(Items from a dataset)
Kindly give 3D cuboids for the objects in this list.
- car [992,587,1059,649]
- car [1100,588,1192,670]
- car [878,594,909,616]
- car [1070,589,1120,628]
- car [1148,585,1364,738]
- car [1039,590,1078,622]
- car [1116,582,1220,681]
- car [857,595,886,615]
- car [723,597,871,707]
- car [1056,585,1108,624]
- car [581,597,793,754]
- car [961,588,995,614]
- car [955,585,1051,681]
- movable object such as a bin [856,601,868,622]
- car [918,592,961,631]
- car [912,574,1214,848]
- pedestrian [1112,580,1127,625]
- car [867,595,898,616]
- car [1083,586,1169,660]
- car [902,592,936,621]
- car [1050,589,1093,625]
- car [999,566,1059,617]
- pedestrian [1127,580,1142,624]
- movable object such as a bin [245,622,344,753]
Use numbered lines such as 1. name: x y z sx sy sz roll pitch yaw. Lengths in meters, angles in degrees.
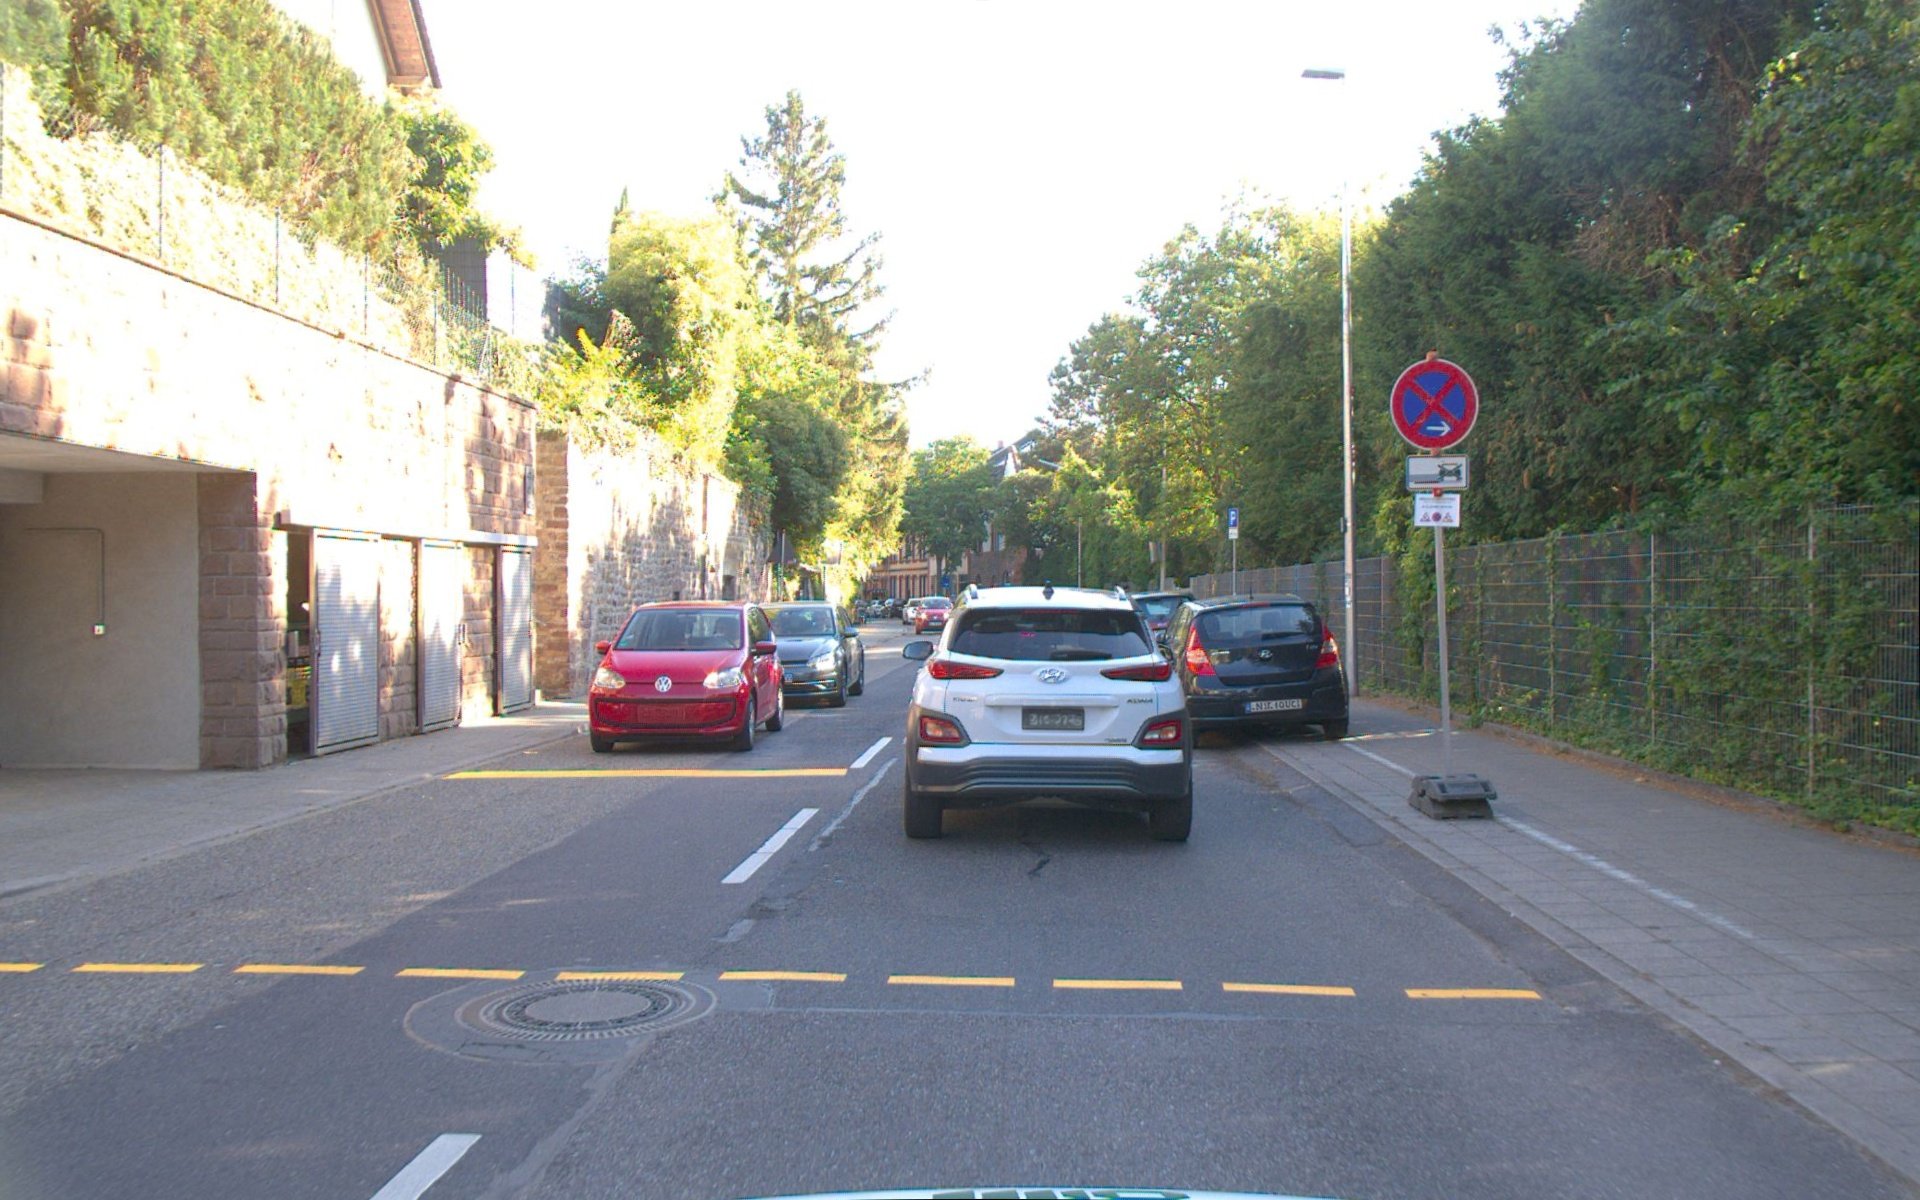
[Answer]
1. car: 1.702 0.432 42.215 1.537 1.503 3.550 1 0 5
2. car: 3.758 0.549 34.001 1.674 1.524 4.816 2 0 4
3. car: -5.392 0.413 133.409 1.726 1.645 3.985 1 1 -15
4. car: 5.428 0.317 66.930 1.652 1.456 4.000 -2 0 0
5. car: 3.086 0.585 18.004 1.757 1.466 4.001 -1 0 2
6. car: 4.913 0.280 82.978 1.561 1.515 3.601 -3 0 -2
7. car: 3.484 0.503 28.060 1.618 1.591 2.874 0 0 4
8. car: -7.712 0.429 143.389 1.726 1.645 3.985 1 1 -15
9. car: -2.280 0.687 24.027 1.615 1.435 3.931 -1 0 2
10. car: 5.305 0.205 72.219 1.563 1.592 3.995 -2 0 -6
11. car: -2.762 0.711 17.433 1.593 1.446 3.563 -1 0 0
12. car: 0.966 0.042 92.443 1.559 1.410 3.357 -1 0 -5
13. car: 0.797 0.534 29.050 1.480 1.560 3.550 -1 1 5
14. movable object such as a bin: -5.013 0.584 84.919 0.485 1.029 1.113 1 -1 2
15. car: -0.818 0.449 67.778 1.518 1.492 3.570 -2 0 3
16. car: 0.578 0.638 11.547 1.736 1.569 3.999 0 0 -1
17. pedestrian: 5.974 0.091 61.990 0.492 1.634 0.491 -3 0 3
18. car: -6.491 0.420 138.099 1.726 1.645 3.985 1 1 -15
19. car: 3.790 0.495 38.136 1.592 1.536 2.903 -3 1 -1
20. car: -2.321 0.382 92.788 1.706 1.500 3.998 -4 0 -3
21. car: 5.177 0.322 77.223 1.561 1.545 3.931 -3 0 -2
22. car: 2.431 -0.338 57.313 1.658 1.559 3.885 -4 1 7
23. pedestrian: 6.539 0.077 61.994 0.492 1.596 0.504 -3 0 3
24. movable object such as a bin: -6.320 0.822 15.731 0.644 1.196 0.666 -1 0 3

---

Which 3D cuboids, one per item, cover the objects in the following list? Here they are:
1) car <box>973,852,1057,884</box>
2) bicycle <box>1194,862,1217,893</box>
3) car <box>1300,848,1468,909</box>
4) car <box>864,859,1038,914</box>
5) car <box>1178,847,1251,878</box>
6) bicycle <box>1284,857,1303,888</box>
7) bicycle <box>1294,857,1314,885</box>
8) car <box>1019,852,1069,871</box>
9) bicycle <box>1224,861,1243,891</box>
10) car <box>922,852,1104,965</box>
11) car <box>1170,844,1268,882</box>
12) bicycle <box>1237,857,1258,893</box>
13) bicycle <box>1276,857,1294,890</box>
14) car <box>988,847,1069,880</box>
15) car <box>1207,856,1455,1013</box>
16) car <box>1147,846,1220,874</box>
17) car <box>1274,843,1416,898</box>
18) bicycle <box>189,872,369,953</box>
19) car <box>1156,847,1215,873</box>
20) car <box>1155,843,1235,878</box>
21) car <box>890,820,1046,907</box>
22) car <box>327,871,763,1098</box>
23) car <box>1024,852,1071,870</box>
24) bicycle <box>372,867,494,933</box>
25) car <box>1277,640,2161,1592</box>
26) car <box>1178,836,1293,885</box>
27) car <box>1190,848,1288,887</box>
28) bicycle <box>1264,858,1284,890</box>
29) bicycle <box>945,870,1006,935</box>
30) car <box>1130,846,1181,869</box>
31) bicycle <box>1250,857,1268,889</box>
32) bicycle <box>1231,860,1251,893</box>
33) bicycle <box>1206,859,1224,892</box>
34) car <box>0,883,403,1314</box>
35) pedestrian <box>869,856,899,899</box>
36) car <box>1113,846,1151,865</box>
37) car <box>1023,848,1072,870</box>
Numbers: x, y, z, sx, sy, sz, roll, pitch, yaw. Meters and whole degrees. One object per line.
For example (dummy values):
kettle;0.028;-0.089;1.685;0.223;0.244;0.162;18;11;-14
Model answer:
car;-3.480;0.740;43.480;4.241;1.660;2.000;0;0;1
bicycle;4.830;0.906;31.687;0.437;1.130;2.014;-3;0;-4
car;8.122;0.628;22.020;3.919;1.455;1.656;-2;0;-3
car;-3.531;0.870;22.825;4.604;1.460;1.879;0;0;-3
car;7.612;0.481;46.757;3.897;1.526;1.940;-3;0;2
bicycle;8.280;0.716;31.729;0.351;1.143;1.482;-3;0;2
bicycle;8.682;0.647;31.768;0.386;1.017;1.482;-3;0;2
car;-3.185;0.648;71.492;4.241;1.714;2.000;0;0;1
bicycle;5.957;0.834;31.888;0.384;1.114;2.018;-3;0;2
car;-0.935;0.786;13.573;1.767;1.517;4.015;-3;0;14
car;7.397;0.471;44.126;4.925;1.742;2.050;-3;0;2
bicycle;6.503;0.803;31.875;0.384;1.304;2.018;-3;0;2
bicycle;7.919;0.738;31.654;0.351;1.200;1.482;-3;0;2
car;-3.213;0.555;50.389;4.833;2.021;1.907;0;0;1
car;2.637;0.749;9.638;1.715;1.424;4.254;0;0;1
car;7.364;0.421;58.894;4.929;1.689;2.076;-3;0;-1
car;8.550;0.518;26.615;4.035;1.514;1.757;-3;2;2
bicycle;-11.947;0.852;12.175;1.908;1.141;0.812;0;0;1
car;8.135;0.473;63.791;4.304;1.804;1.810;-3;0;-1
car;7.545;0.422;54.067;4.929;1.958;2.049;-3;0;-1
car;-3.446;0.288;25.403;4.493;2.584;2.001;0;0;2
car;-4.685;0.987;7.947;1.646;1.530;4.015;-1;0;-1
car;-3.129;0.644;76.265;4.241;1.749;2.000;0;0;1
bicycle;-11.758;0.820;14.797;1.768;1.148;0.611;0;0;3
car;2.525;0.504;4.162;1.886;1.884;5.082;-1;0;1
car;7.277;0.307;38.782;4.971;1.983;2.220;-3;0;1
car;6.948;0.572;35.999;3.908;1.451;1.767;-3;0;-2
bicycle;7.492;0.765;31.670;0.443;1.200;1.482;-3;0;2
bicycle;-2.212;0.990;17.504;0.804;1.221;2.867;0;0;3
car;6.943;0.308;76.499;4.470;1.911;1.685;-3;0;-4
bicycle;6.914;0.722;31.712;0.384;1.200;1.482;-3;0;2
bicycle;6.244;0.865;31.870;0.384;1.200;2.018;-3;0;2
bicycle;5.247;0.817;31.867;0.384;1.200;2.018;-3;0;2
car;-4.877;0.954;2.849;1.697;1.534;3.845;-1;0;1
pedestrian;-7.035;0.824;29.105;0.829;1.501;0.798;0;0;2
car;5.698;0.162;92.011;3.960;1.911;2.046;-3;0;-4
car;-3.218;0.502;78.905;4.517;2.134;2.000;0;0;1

--

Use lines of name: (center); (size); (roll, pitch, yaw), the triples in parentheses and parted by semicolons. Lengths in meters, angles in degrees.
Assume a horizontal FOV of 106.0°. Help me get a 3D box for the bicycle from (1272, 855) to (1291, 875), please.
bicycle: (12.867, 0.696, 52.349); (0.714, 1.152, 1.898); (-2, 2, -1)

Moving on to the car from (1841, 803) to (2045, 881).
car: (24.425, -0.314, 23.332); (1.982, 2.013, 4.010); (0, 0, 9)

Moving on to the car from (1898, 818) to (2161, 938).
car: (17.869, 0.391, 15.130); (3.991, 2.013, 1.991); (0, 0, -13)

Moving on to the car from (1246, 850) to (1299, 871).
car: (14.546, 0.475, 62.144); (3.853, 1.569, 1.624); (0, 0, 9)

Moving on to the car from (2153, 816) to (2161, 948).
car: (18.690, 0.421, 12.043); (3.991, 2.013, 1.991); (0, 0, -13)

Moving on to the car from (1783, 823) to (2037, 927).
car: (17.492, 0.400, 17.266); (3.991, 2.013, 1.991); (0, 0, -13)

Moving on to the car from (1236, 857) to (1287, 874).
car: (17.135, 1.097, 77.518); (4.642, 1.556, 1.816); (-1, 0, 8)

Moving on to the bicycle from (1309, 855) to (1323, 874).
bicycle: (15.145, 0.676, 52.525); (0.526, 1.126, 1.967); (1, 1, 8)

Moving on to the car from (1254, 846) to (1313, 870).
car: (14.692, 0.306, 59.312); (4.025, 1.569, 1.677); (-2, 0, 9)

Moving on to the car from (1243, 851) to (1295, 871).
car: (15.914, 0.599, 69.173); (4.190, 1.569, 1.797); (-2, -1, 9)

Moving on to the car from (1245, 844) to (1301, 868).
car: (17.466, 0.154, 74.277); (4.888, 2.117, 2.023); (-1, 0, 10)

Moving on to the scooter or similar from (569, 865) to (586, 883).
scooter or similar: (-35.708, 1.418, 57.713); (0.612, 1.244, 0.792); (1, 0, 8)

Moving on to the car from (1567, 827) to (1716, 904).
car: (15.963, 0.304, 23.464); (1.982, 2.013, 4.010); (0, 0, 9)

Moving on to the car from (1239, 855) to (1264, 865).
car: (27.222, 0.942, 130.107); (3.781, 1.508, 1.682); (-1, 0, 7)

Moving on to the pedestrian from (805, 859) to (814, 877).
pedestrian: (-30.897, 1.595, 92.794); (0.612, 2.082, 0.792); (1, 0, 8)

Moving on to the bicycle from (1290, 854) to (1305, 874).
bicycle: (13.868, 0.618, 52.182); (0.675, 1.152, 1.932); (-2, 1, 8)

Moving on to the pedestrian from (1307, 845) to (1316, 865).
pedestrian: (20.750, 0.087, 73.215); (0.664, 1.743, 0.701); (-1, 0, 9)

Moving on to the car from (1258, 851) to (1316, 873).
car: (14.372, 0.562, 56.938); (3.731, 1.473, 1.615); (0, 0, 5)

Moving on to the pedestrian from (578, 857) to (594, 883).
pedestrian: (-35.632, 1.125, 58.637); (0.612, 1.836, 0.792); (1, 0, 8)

_Task item_
Given the records above, return exactly the lines starting at the line containing "- car [1100,588,1192,670]" and ending at the line containing "- car [902,592,936,621]", including both.

_Reply to the exercise_
- car [1100,588,1192,670]
- car [878,594,909,616]
- car [1070,589,1120,628]
- car [1148,585,1364,738]
- car [1039,590,1078,622]
- car [1116,582,1220,681]
- car [857,595,886,615]
- car [723,597,871,707]
- car [1056,585,1108,624]
- car [581,597,793,754]
- car [961,588,995,614]
- car [955,585,1051,681]
- movable object such as a bin [856,601,868,622]
- car [918,592,961,631]
- car [912,574,1214,848]
- pedestrian [1112,580,1127,625]
- car [867,595,898,616]
- car [1083,586,1169,660]
- car [902,592,936,621]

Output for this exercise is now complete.